Linked List: September 18, 2009

Apps That Move Themselves to the Applications Folder 

Regarding yesterday’s piece on how Mac apps should be distributed to users, a bunch of readers emailed or tweeted to point out two exemplary apps: Delicious Library and Potion Factory’s The Hit List.

Delicious Library ships on a disk image, and if you try to launch the app directly from the image, the app detects what you’ve done and asks if you’d like it to install itself in your Applications folder. The Hit List ships in a zip archive, and does the same thing if it detects that it’s been launched from a folder other than Applications.

Potion Factory’s Andy Kim has a good write-up here regarding how he came to this clever design.

Update: JNSoftware’s Dialectic does something similar.

Martin Pilkington’s M3InstallController 

Open source from Martin Pilkington:

M3InstallController is a class that will warn users if they are running your application from a disk image and offer to install the application in their Applications folder.

See Hidden Files in Snow Leopard’s Open and Save Dialogs 

Great Snow Leopard detail from Rob Griffiths:

In any Open or Save dialog in Snow Leopard, simply press Shift-Command-Period to display hidden files and folders. This command is a toggle; hidden files will be displayed as you navigate various directories in the Open or Save dialog.

Google Un-Redacts Its FCC Filing Regarding Google Voice and the App Store 

I don’t really see why they asked for any of this to be redacted in the first place. Clearly, though, Google doesn’t see the difference between “not accepted” and “rejected” that Apple claims to see.

MG Siegler on the Importance of Enthusiasm 

MG Siegler, on the “Incredible, Amazing, Awesome Apple” supercut video that made the rounds this week:

While certainly there is some element of hearing something so many times that you start to believe it, that’s nothing new, any good salesman will do the same thing. But why I think the tactic works so well with Apple is because they actually believe what they’re saying. Just watch Steve Jobs in that video. It sure seems like he’s damn sure that what he’s talking about is amazing. He’s excited about it. So is Phil Schiller and the others on the Apple team. And that excitement translates on a level unseen.

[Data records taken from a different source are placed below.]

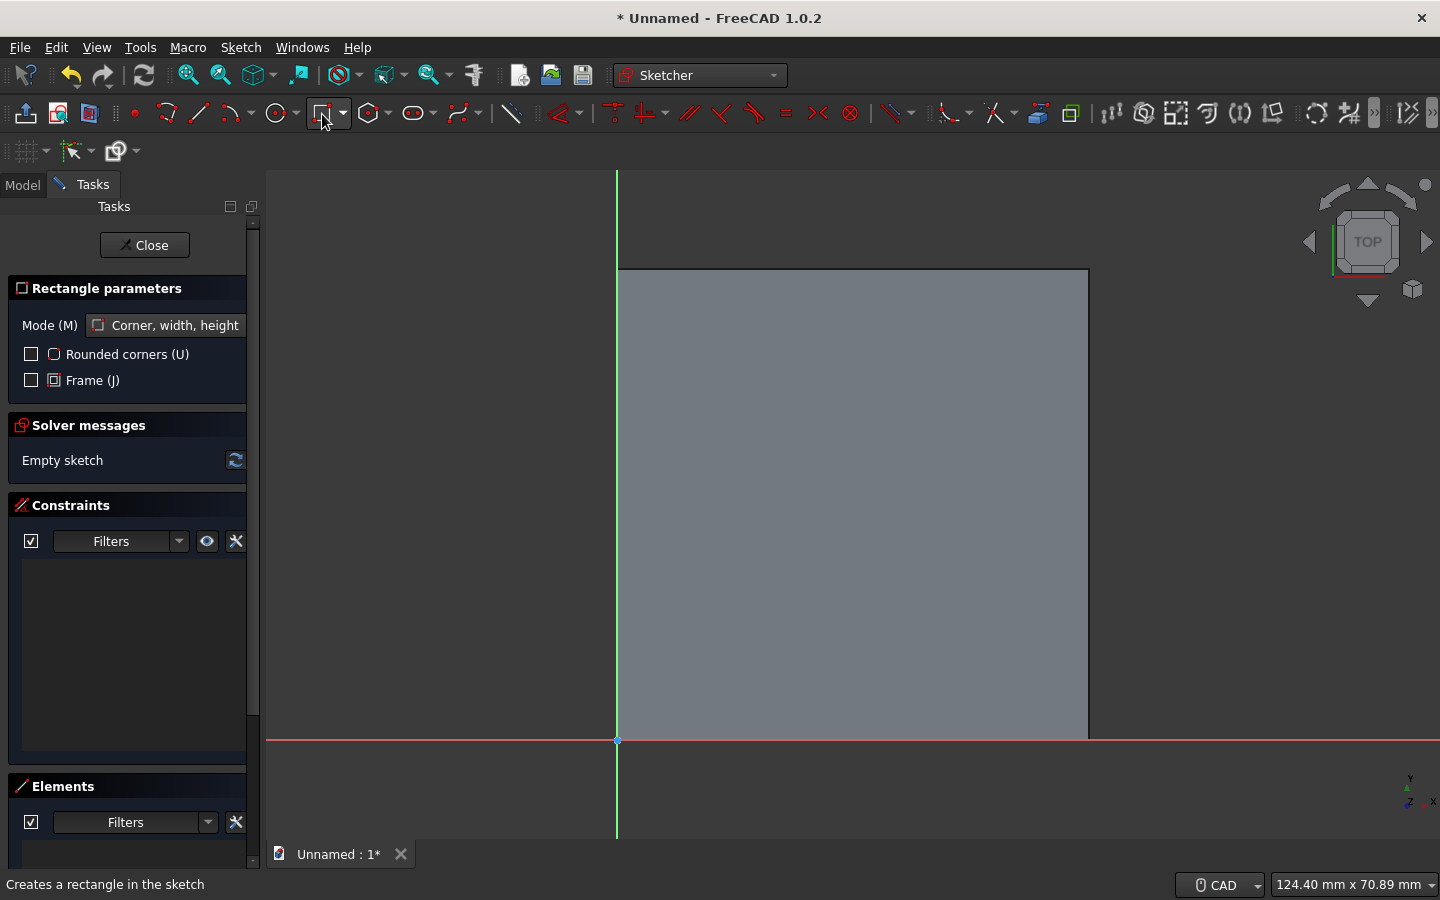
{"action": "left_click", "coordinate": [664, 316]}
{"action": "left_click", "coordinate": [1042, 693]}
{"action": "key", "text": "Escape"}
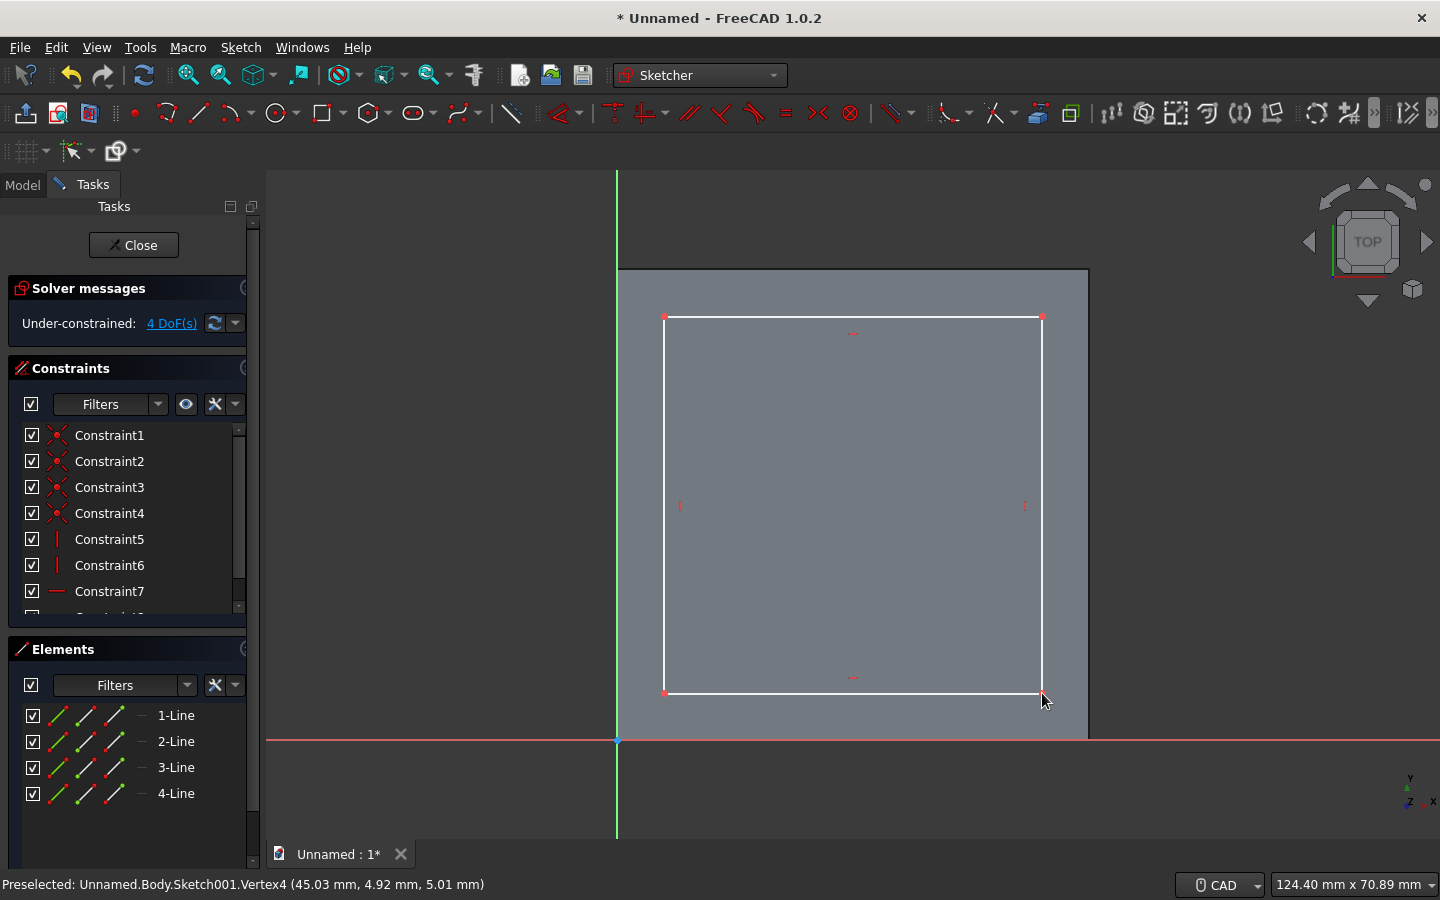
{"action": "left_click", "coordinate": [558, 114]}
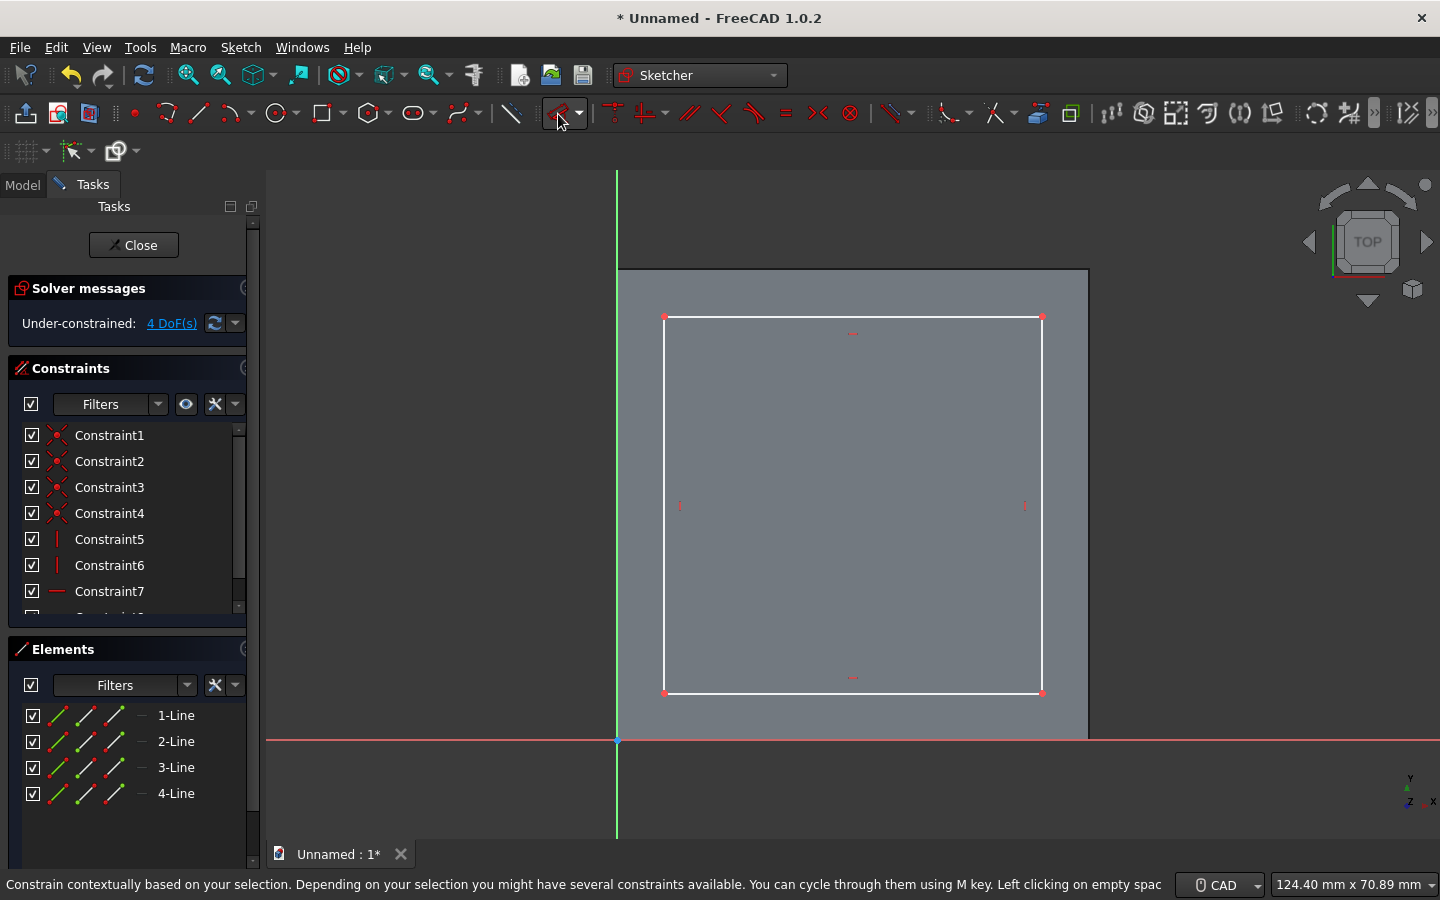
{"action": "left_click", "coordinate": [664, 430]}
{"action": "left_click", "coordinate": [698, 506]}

Agreed. And on the flip side, it’s always obvious when Jobs is not enthused about what he’s talking about on stage. E.g. this piece I wrote three years ago:

Jobs’s extraordinary marketing savvy and famed reality distortion field leave some people with the impression that he’s a talented fabulist. That’s wrong, though — Jobs, in my opinion, is a terrible liar and a poor actor. When he’s able to convince people of things that aren’t true, or that are exaggerations of the truth, it’s because he believes what he’s saying. The reality distortion field isn’t something he projects willfully; it’s an extension of his own certainty. Remember his onstage demo last year of the Motorola Rokr iTunes- compatible phone? His contempt for the device was palpable; when he failed to successfully switch from song playback to accept a call, he seemed poised to just toss the thing off-stage and cry out that it was a piece of garbage.

Jason Fried on Mint’s Sale to Intuit 

With a title like “The Next Generation Bends Over”, you know it’s good.